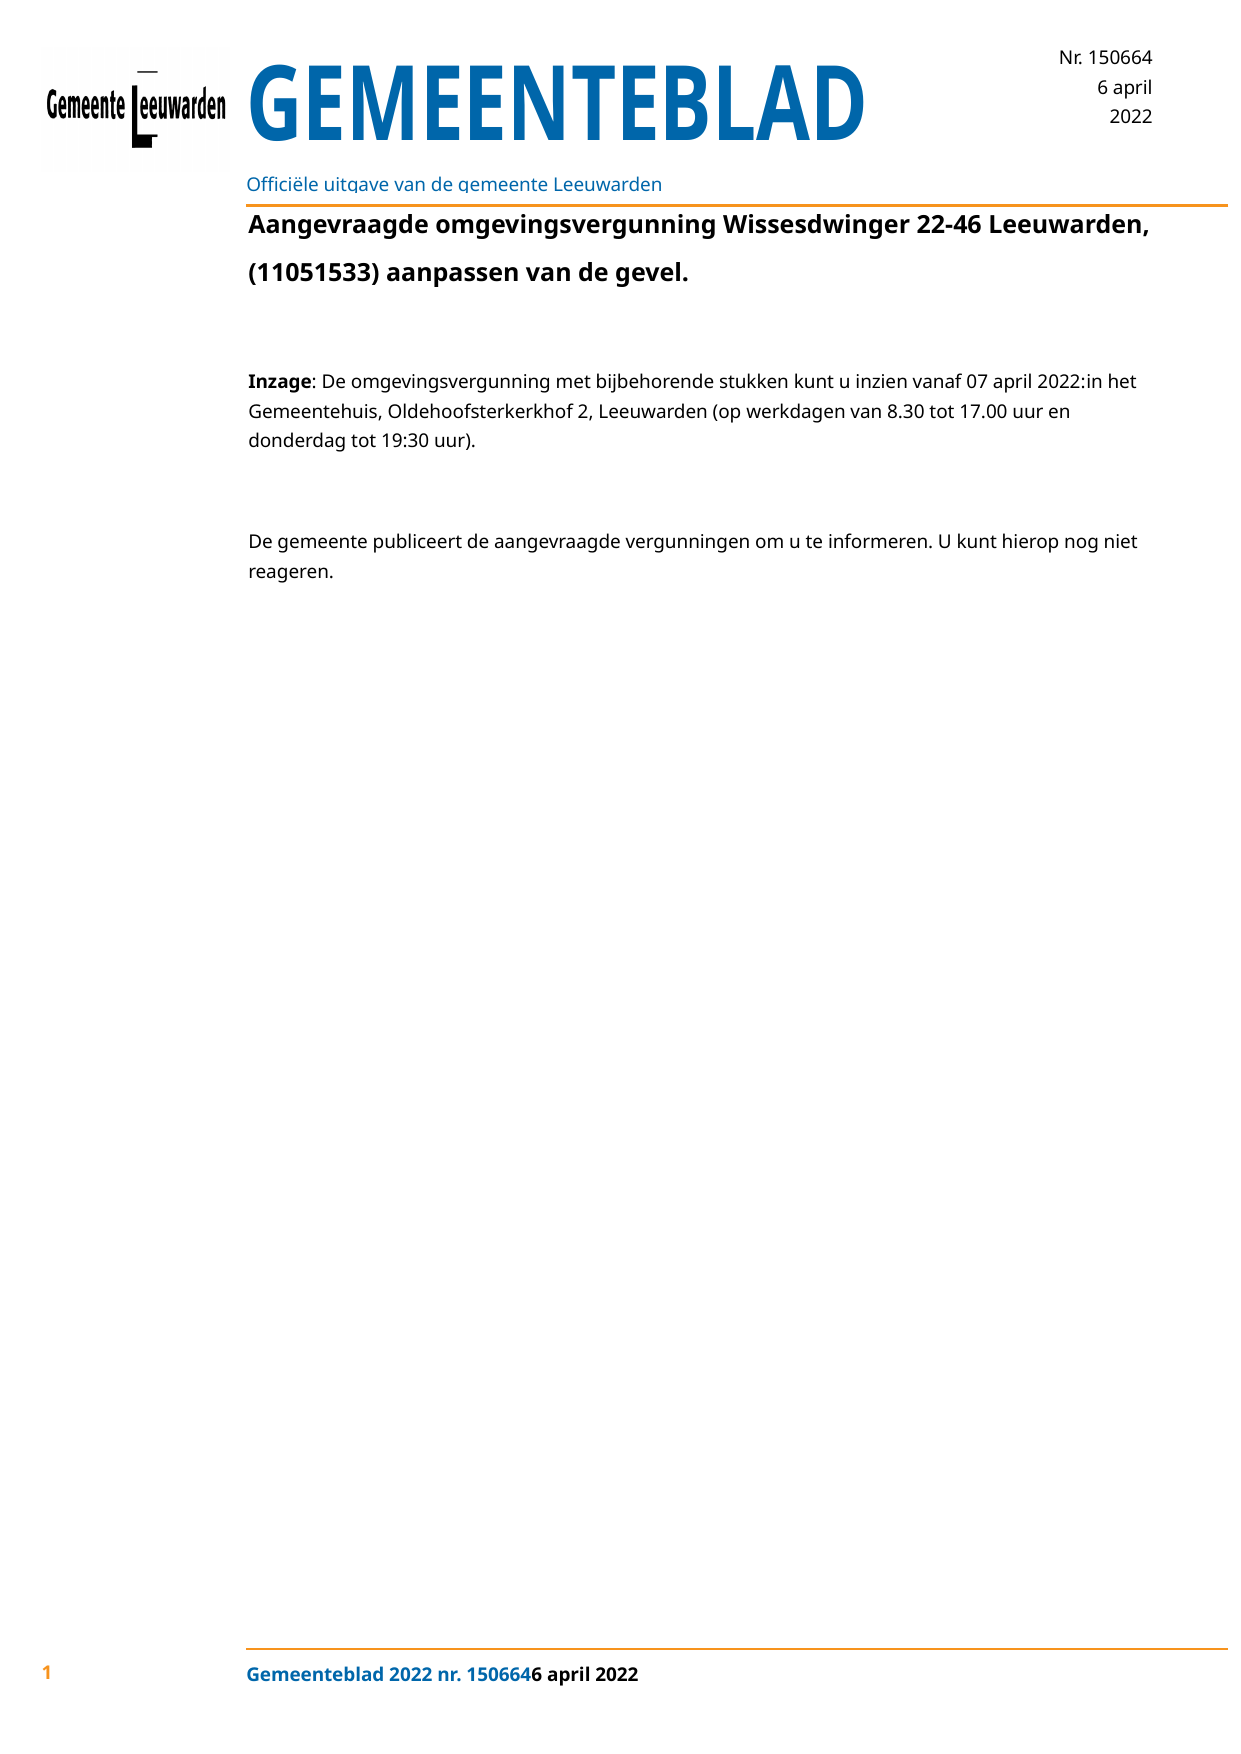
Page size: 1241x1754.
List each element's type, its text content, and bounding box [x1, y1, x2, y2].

text Aangevraagde omgevingsvergunning Wissesdwinger 22-46 Leeuwarden, (11051533) aanpassen van de gevel. [248, 207, 1152, 288]
text Inzage: De omgevingsvergunning met bijbehorende stukken kunt u inzien vanaf 07 april 2022:in het Gemeentehuis, Oldehoofsterkerkhof 2, Leeuwarden (op werkdagen van 8.30 tot 17.00 uur en donderdag tot 19:30 uur). [248, 368, 1152, 453]
text De gemeente publiceert de aangevraagde vergunningen om u te informeren. U kunt hierop nog niet reageren. [248, 528, 1152, 584]
picture [41, 47, 231, 172]
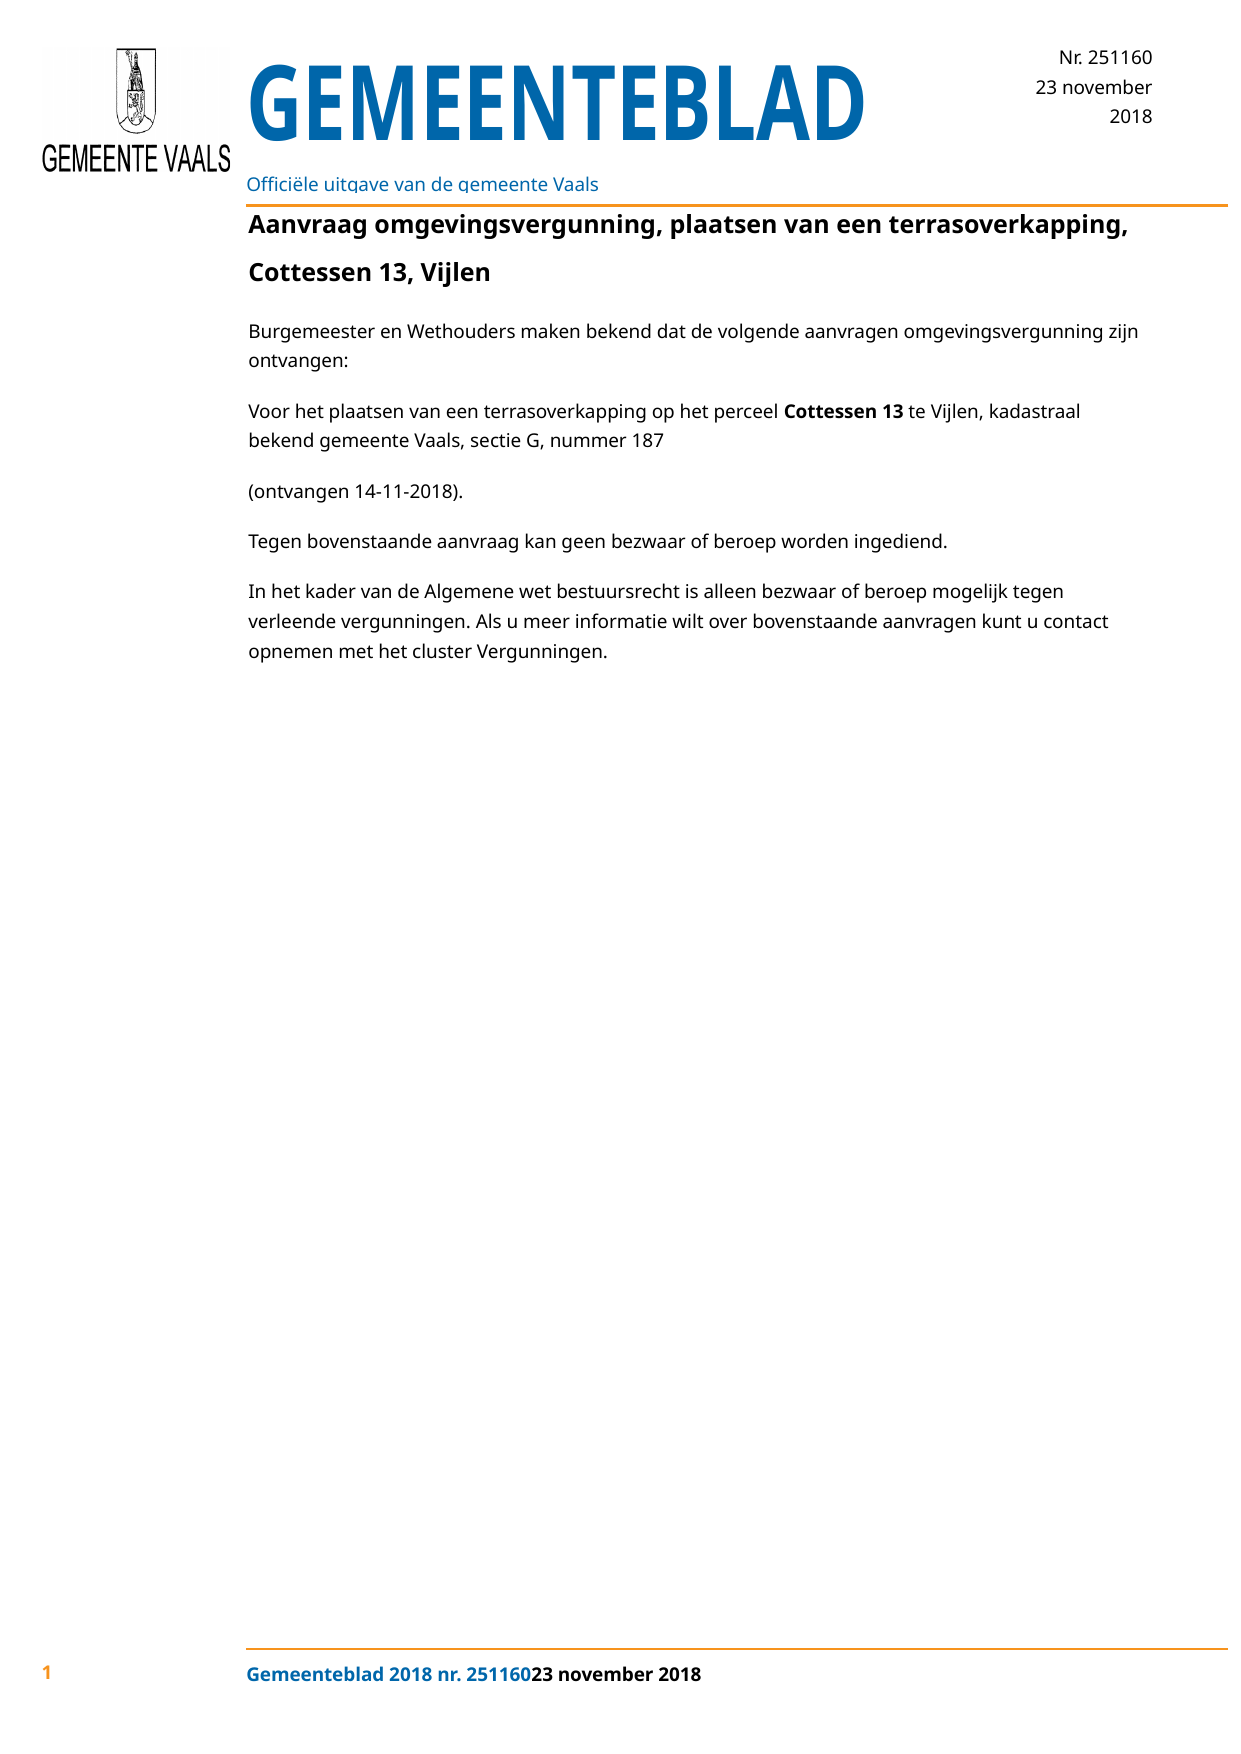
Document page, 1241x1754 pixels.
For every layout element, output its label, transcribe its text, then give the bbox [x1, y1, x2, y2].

text Voor het plaatsen van een terrasoverkapping op het perceel Cottessen 13 te Vijlen, kadastraal bekend gemeente Vaals, sectie G, nummer 187 [248, 398, 1152, 453]
text Aanvraag omgevingsvergunning, plaatsen van een terrasoverkapping, Cottessen 13, Vijlen [248, 207, 1152, 288]
picture [41, 47, 231, 172]
text Burgemeester en Wethouders maken bekend dat de volgende aanvragen omgevingsvergunning zijn ontvangen: [248, 318, 1152, 373]
text (ontvangen 14-11-2018). [248, 478, 1152, 504]
text In het kader van de Algemene wet bestuursrecht is alleen bezwaar of beroep mogelijk tegen verleende vergunningen. Als u meer informatie wilt over bovenstaande aanvragen kunt u contact opnemen met het cluster Vergunningen. [248, 579, 1152, 664]
text Tegen bovenstaande aanvraag kan geen bezwaar of beroep worden ingediend. [248, 528, 1152, 554]

Problem details: The answer must be an exact transcription of the lines from the one containing "List each element's" through the last line of the records above, both included, with no pictures.

Result:
List each element's type, its text content, and bounding box [x1, y1, x2, y2].

text Aangevraagde omgevingsvergunning Wissesdwinger 22-46 Leeuwarden, (11051533) aanpassen van de gevel. [248, 207, 1152, 288]
text Inzage: De omgevingsvergunning met bijbehorende stukken kunt u inzien vanaf 07 april 2022:in het Gemeentehuis, Oldehoofsterkerkhof 2, Leeuwarden (op werkdagen van 8.30 tot 17.00 uur en donderdag tot 19:30 uur). [248, 368, 1152, 453]
text De gemeente publiceert de aangevraagde vergunningen om u te informeren. U kunt hierop nog niet reageren. [248, 528, 1152, 584]
picture [41, 47, 231, 172]
Document page, 1241x1754 pixels.
For every layout element, output its label, transcribe its text, then give the bbox [x1, y1, x2, y2].

text Voor het plaatsen van een terrasoverkapping op het perceel Cottessen 13 te Vijlen, kadastraal bekend gemeente Vaals, sectie G, nummer 187 [248, 398, 1152, 453]
text Aanvraag omgevingsvergunning, plaatsen van een terrasoverkapping, Cottessen 13, Vijlen [248, 207, 1152, 288]
picture [41, 47, 231, 172]
text Burgemeester en Wethouders maken bekend dat de volgende aanvragen omgevingsvergunning zijn ontvangen: [248, 318, 1152, 373]
text (ontvangen 14-11-2018). [248, 478, 1152, 504]
text In het kader van de Algemene wet bestuursrecht is alleen bezwaar of beroep mogelijk tegen verleende vergunningen. Als u meer informatie wilt over bovenstaande aanvragen kunt u contact opnemen met het cluster Vergunningen. [248, 579, 1152, 664]
text Tegen bovenstaande aanvraag kan geen bezwaar of beroep worden ingediend. [248, 528, 1152, 554]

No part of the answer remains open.